Source records:
= Beginning of Section =

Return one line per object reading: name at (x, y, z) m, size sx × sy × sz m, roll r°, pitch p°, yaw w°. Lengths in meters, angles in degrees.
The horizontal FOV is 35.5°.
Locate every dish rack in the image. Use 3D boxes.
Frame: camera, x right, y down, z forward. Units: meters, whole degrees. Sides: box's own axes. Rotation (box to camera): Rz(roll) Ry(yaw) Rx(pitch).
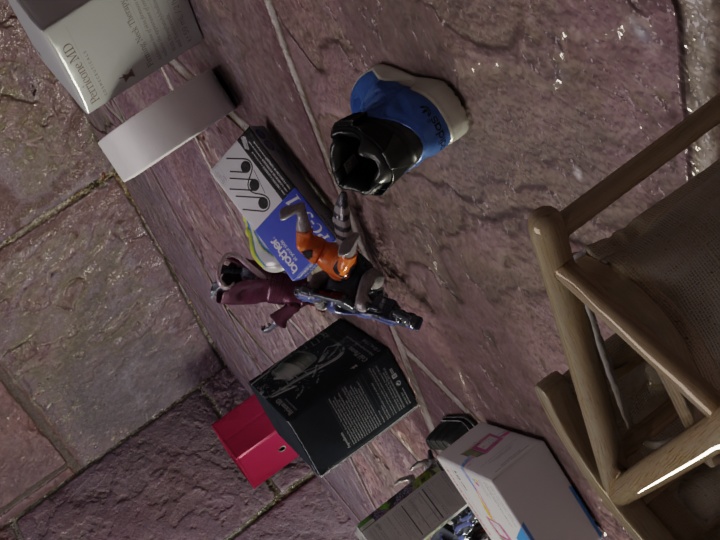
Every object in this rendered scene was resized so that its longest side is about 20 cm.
dish rack at (0.174, 0.303, 1.604) m, size 0.201 × 0.054 × 0.153 m, roll 54°, pitch 168°, yaw 0°

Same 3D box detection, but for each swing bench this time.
swing bench at (0.191, 0.016, 0.518) m, size 0.130 × 0.198 × 0.201 m, roll 47°, pitch 164°, yaw 31°

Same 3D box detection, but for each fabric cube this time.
fabric cube at (-0.359, 0.583, 3.865) m, size 0.200 × 0.198 × 0.197 m, roll 43°, pitch 161°, yaw 41°

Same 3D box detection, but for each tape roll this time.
tape roll at (-0.283, -0.211, 1.647) m, size 0.071 × 0.202 × 0.202 m, roll 56°, pitch 167°, yaw -11°

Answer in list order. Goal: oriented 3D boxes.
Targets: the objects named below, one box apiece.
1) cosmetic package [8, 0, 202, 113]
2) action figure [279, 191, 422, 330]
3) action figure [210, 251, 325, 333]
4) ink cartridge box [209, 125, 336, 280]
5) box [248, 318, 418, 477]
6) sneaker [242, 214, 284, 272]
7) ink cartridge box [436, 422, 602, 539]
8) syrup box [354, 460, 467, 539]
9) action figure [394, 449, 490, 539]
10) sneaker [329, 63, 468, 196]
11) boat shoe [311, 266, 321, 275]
cosmetic package at (-0.357, -0.363, 1.544) m, size 0.166 × 0.199 × 0.168 m, roll 47°, pitch 165°, yaw 32°
action figure at (0.000, 0.000, 1.438) m, size 0.198 × 0.105 × 0.194 m, roll 16°, pitch 155°, yaw 28°
action figure at (-0.142, 0.019, 1.860) m, size 0.198 × 0.135 × 0.149 m, roll 13°, pitch 153°, yaw -5°
ink cartridge box at (-0.113, -0.094, 1.554) m, size 0.201 × 0.094 × 0.044 m, roll 51°, pitch -155°, yaw 12°
box at (-0.047, 0.200, 1.819) m, size 0.125 × 0.196 × 0.200 m, roll 60°, pitch 165°, yaw -23°
sneaker at (-0.148, -0.088, 1.667) m, size 0.201 × 0.075 × 0.106 m, roll -115°, pitch 3°, yaw -47°
ink cartridge box at (0.193, 0.279, 1.404) m, size 0.145 × 0.084 × 0.200 m, roll 57°, pitch 168°, yaw -7°
syrup box at (0.093, 0.360, 1.701) m, size 0.082 × 0.199 × 0.079 m, roll 50°, pitch 166°, yaw 13°
action figure at (0.158, 0.387, 1.850) m, size 0.194 × 0.104 × 0.200 m, roll 46°, pitch 141°, yaw 8°
sneaker at (0.007, -0.125, 1.019) m, size 0.077 × 0.111 × 0.200 m, roll 61°, pitch 166°, yaw -24°
boat shoe at (-0.059, -0.026, 1.607) m, size 0.201 × 0.062 × 0.071 m, roll 54°, pitch 165°, yaw 0°
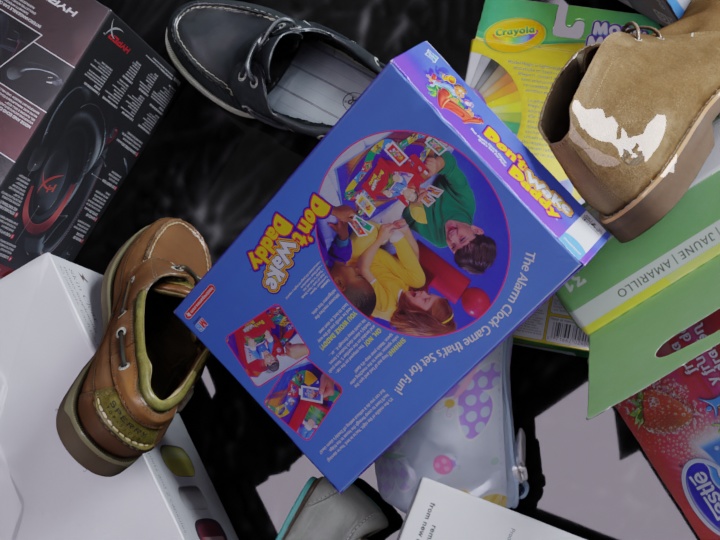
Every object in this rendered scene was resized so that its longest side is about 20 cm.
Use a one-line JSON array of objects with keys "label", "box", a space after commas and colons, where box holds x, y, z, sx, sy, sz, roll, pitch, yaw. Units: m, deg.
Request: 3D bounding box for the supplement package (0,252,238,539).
[{"label": "supplement package", "box": [-0.188, 0.120, 0.975, 0.155, 0.111, 0.201, -29, 78, 6]}]

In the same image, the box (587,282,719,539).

= End of Section =

▸ **TASK STATEMENT**
Reproduce only the lines above, starting at the line with "6) sneaker [242, 214, 284, 272]" and ending at the line with "10) sneaker [329, 63, 468, 196]", exactly as written.

▸ **OUTPUT**
6) sneaker [242, 214, 284, 272]
7) ink cartridge box [436, 422, 602, 539]
8) syrup box [354, 460, 467, 539]
9) action figure [394, 449, 490, 539]
10) sneaker [329, 63, 468, 196]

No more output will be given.